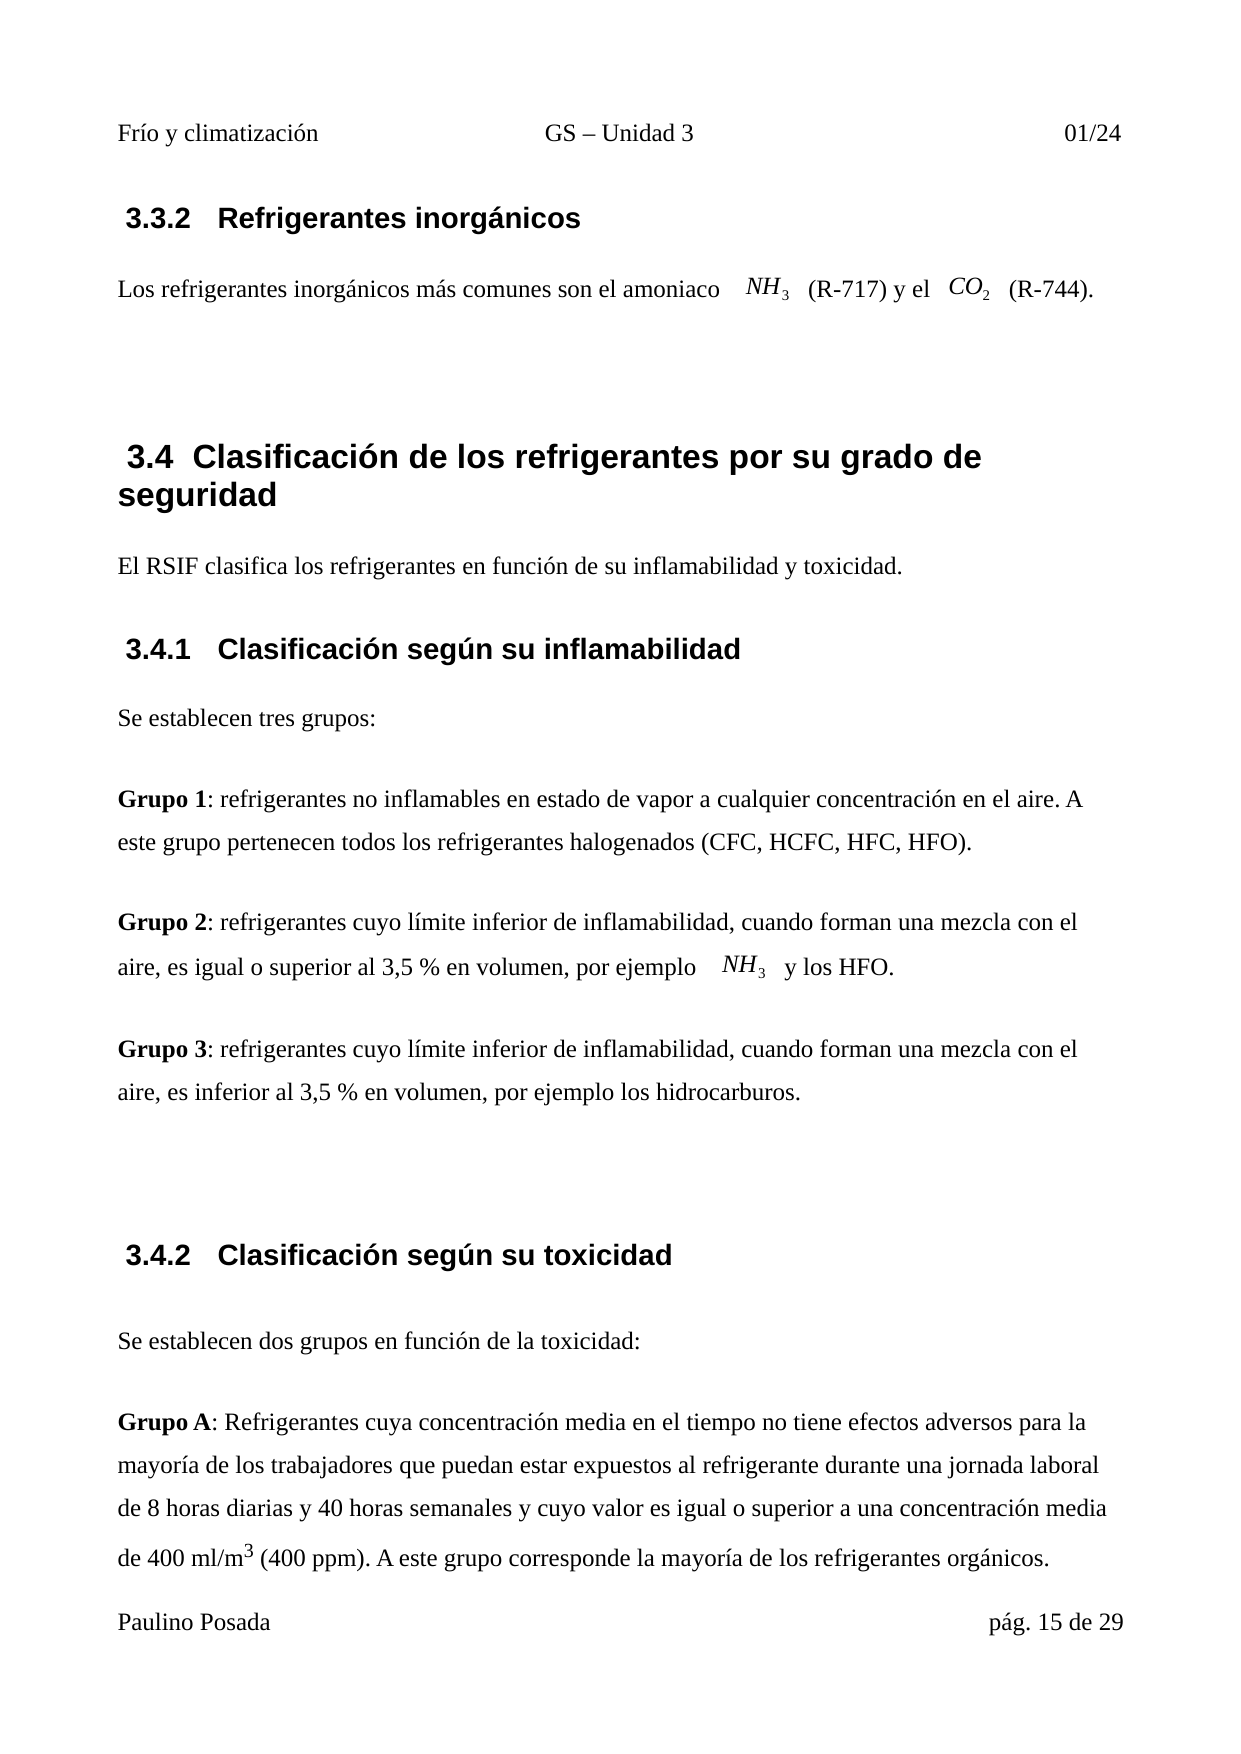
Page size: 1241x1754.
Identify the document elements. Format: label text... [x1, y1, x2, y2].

subtitle Refrigerantes inorgánicos [117, 201, 1123, 235]
text El RSIF clasifica los refrigerantes en función de su inflamabilidad y toxicidad. [117, 551, 1123, 580]
text Los refrigerantes inorgánicos más comunes son el amoniaco (R-717) y el(R-744). [117, 273, 1123, 304]
subtitle Clasificación de los refrigerantes por su grado de seguridad [117, 436, 1123, 514]
subtitle Clasificación según su inflamabilidad [117, 632, 1123, 666]
subtitle Clasificación según su toxicidad [117, 1238, 1123, 1272]
text Se establecen tres grupos: [117, 703, 1123, 732]
text Grupo 1: refrigerantes no inflamables en estado de vapor a cualquier concentración en el aire. A este grupo pertenecen todos los refrigerantes halogenados (CFC, HCFC, HFC, HFO). [117, 784, 1123, 856]
text Se establecen dos grupos en función de la toxicidad: [117, 1326, 1123, 1355]
text Grupo 3: refrigerantes cuyo límite inferior de inflamabilidad, cuando forman una mezcla con el aire, es inferior al 3,5 % en volumen, por ejemplo los hidrocarburos. [117, 1034, 1123, 1106]
text Grupo A: Refrigerantes cuya concentración media en el tiempo no tiene efectos adversos para la mayoría de los trabajadores que puedan estar expuestos al refrigerante durante una jornada laboral de 8 horas diarias y 40 horas semanales y cuyo valor es igual o superior a una concentración media de 400 ml/m3 (400 ppm). A este grupo corresponde la mayoría de los refrigerantes orgánicos. [117, 1407, 1123, 1572]
text Grupo 2: refrigerantes cuyo límite inferior de inflamabilidad, cuando forman una mezcla con el aire, es igual o superior al 3,5 % en volumen, por ejemplo y los HFO. [117, 907, 1123, 982]
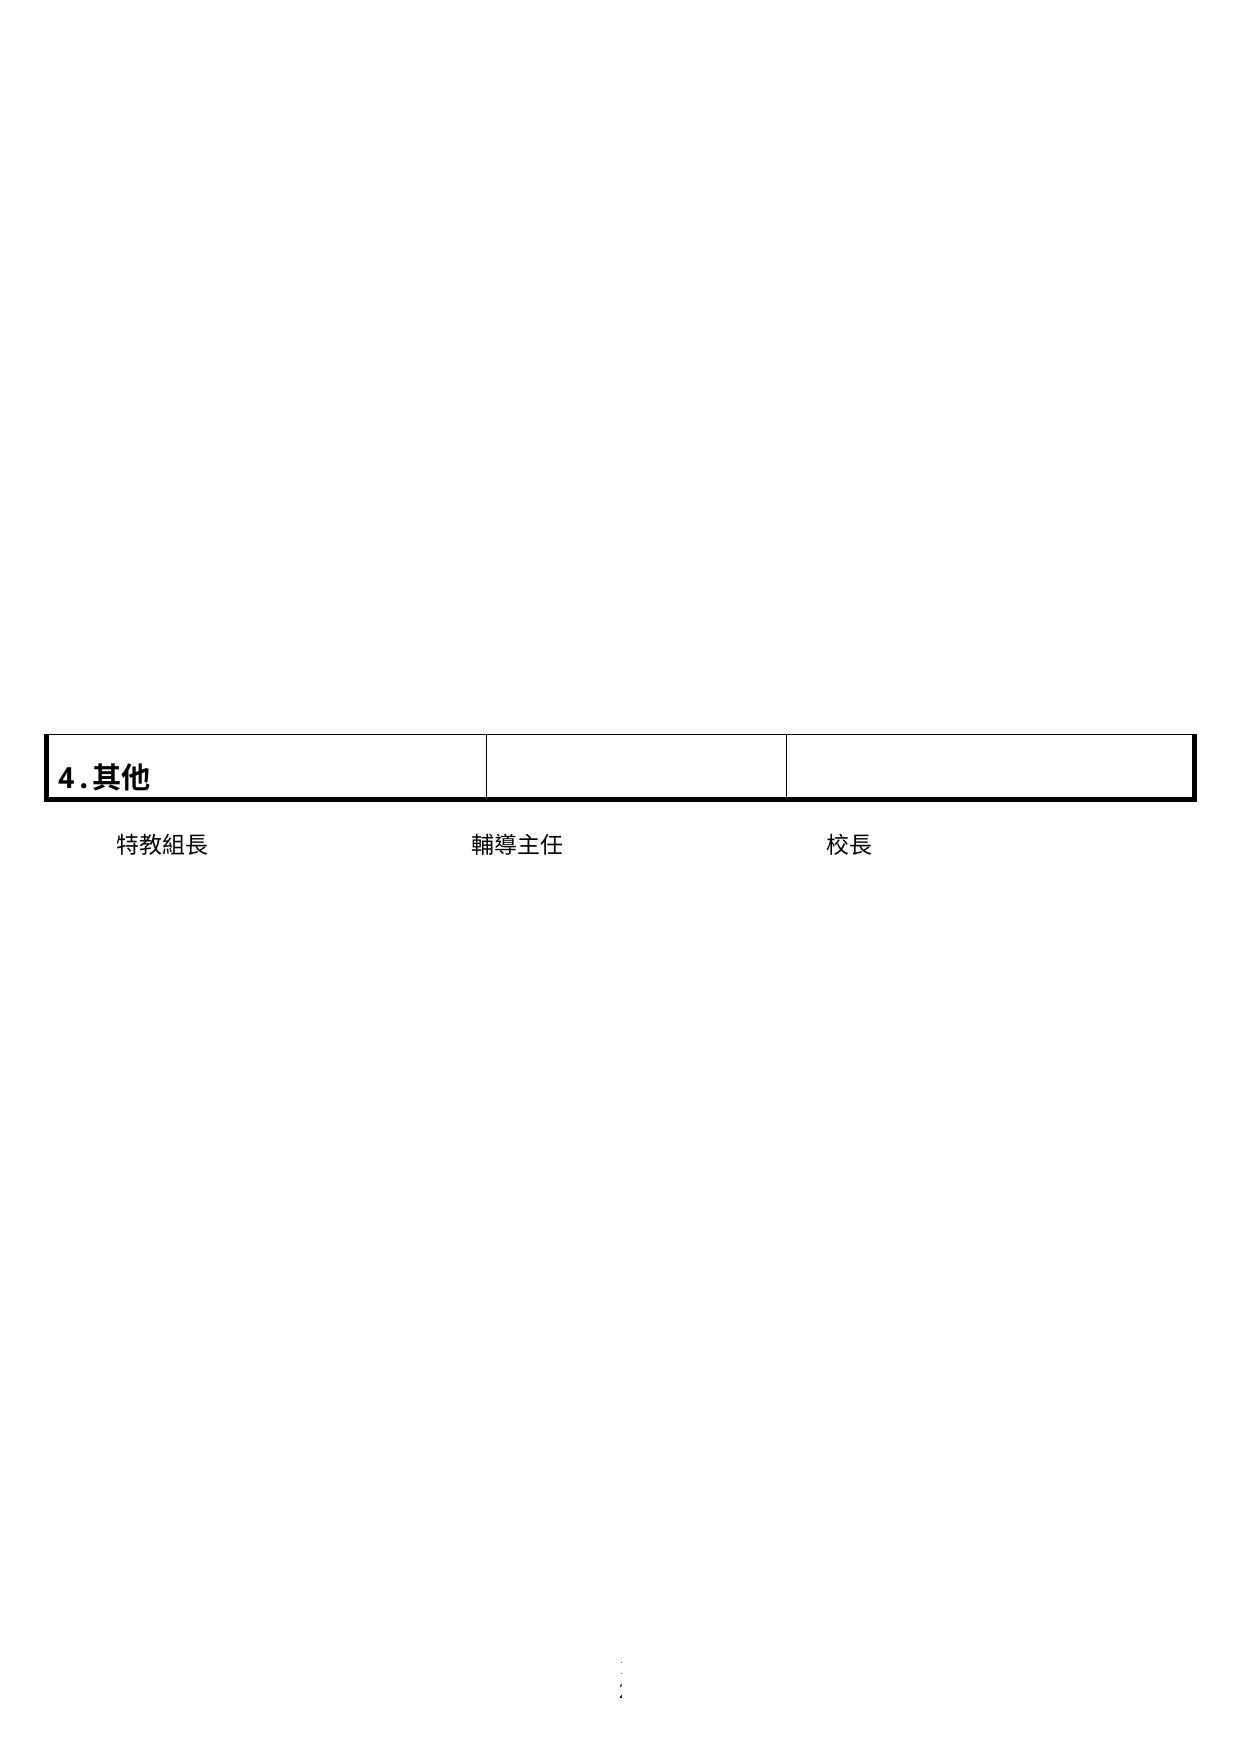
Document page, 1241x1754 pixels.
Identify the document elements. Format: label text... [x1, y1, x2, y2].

table_cell 4.其他 [49, 735, 486, 797]
table_cell [487, 735, 786, 797]
table_cell [787, 735, 1192, 797]
text 特教組長 輔導主任 校長 [89, 802, 1152, 864]
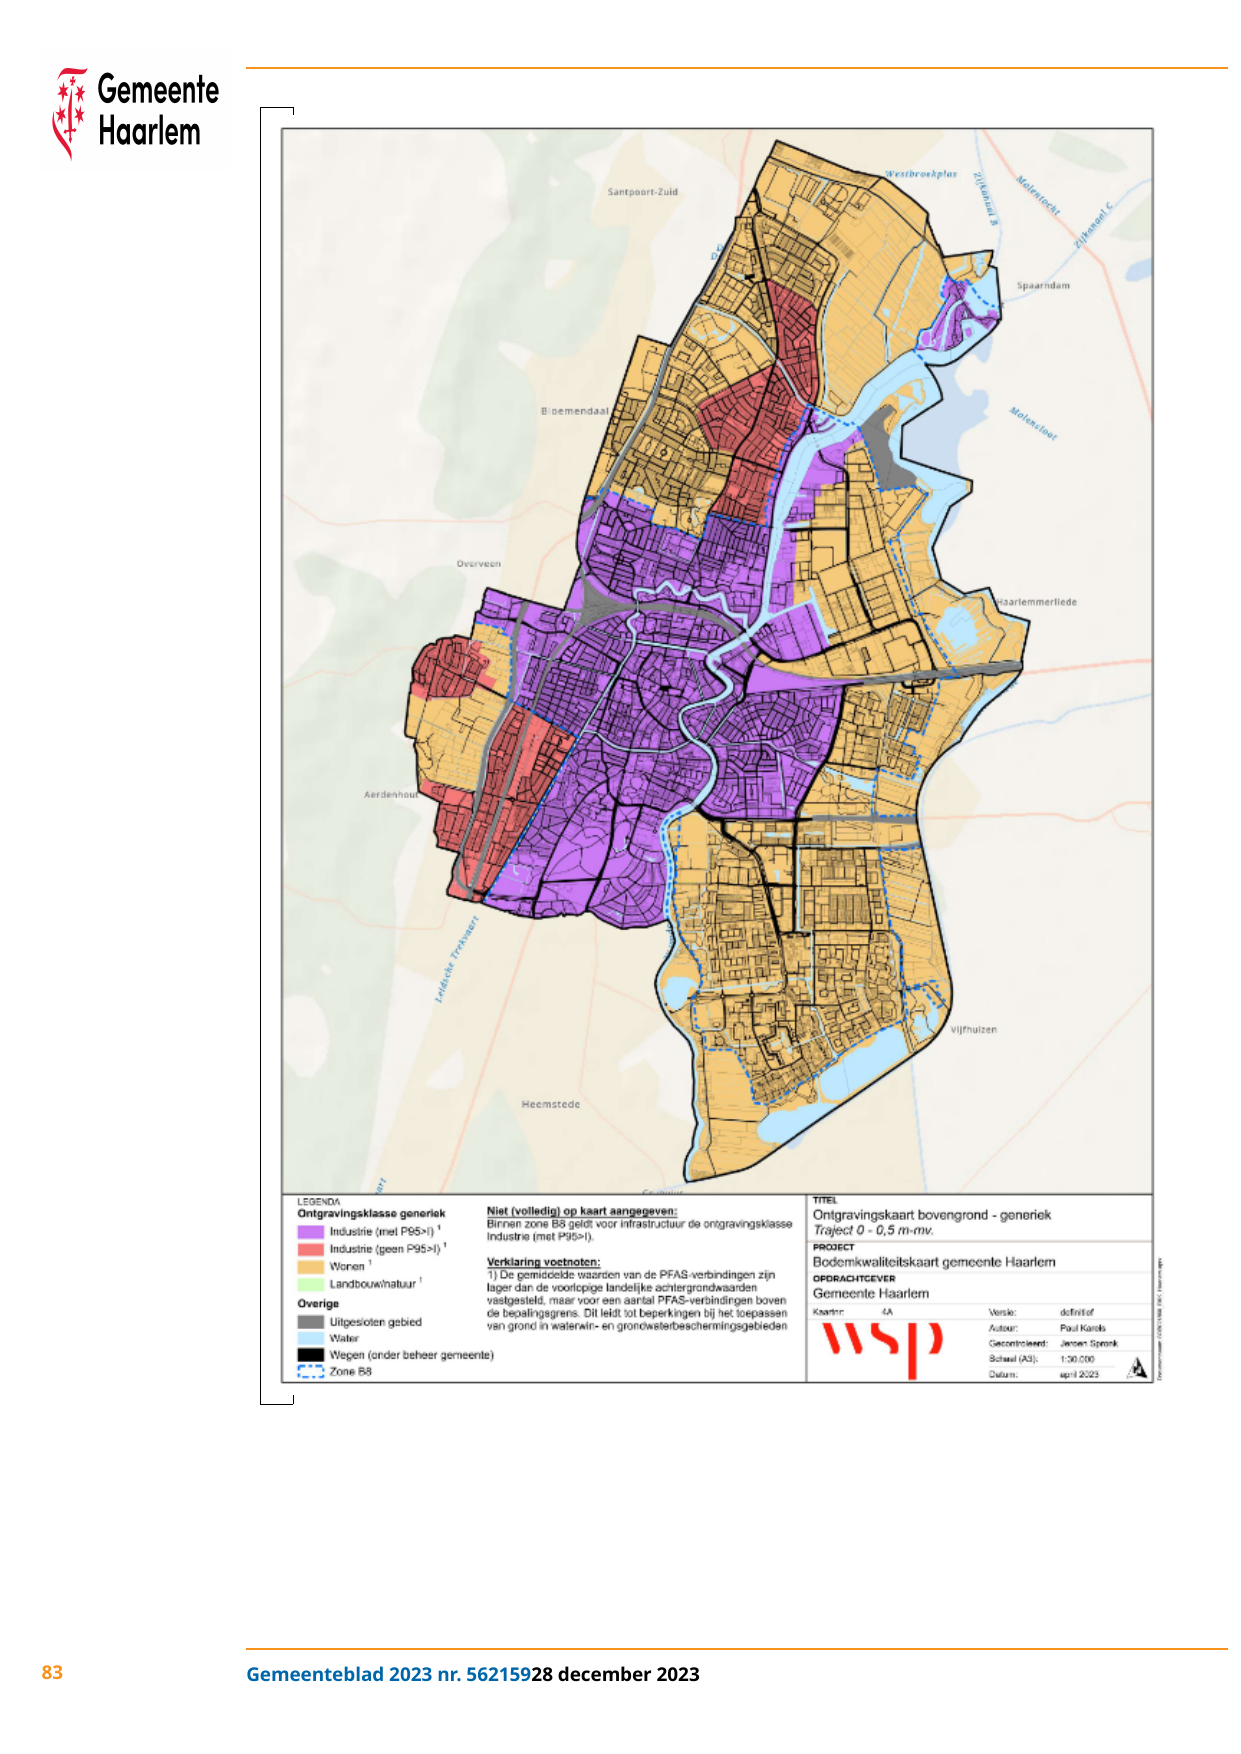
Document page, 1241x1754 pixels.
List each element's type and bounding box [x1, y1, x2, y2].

picture [268, 115, 1173, 1395]
picture [41, 47, 231, 172]
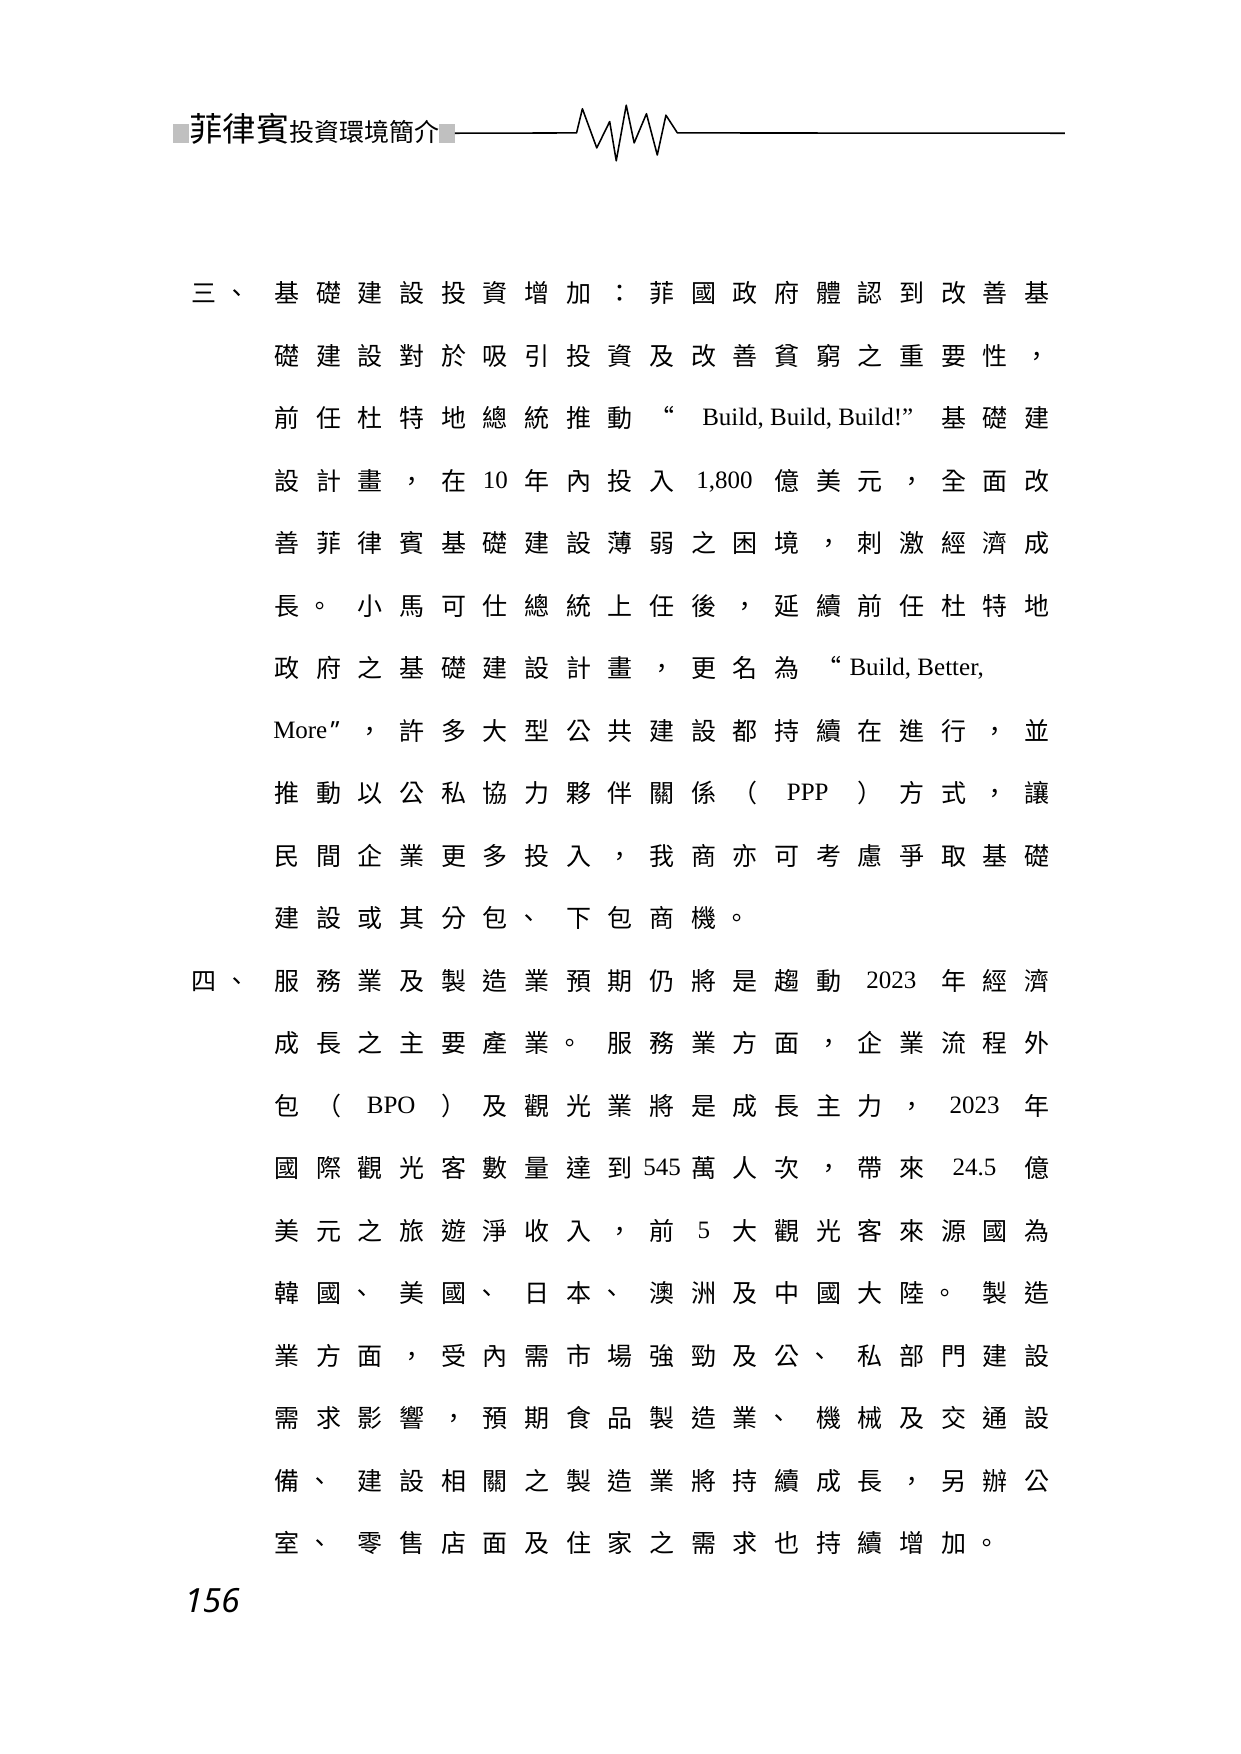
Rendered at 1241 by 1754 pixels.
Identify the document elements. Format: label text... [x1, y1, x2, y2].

text 三、基礎建設投資增加：菲國政府體認到改善基礎建設對於吸引投資及改善貧窮之重要性，前任杜特地總統推動“Build, Build, Build!”基礎建設計畫，在10年內投入1,800億美元，全面改善菲律賓基礎建設薄弱之困境，刺激經濟成長。小馬可仕總統上任後，延續前任杜特地政府之基礎建設計畫，更名為“Build, Better, More”，許多大型公共建設都持續在進行，並推動以公私協力夥伴關係（PPP）方式，讓民間企業更多投入，我商亦可考慮爭取基礎建設或其分包、下包商機。 [183, 250, 1058, 938]
text 四、服務業及製造業預期仍將是趨動2023年經濟成長之主要產業。服務業方面，企業流程外包（BPO）及觀光業將是成長主力，2023年國際觀光客數量達到545萬人次，帶來24.5億美元之旅遊淨收入，前5大觀光客來源國為韓國、美國、日本、澳洲及中國大陸。製造業方面，受內需市場強勁及公、私部門建設需求影響，預期食品製造業、機械及交通設備、建設相關之製造業將持續成長，另辦公室、零售店面及住家之需求也持續增加。 [183, 938, 1058, 1563]
◇ ◇ ◇ ◇ ◇
# What to work on:
Every line from the one with "List each element's" through the last line of the material gets printed exactly, and nothing more. Omit the pictures.

# Written response:
List each element's type and bounding box [x1, y1, x2, y2].

picture [268, 115, 1173, 1395]
picture [41, 47, 231, 172]
Rendered at 1241 by 1754 pixels.
Identify the document elements. Format: label text... [x1, y1, x2, y2].

text 三、基礎建設投資增加：菲國政府體認到改善基礎建設對於吸引投資及改善貧窮之重要性，前任杜特地總統推動“Build, Build, Build!”基礎建設計畫，在10年內投入1,800億美元，全面改善菲律賓基礎建設薄弱之困境，刺激經濟成長。小馬可仕總統上任後，延續前任杜特地政府之基礎建設計畫，更名為“Build, Better, More”，許多大型公共建設都持續在進行，並推動以公私協力夥伴關係（PPP）方式，讓民間企業更多投入，我商亦可考慮爭取基礎建設或其分包、下包商機。 [183, 250, 1058, 938]
text 四、服務業及製造業預期仍將是趨動2023年經濟成長之主要產業。服務業方面，企業流程外包（BPO）及觀光業將是成長主力，2023年國際觀光客數量達到545萬人次，帶來24.5億美元之旅遊淨收入，前5大觀光客來源國為韓國、美國、日本、澳洲及中國大陸。製造業方面，受內需市場強勁及公、私部門建設需求影響，預期食品製造業、機械及交通設備、建設相關之製造業將持續成長，另辦公室、零售店面及住家之需求也持續增加。 [183, 938, 1058, 1563]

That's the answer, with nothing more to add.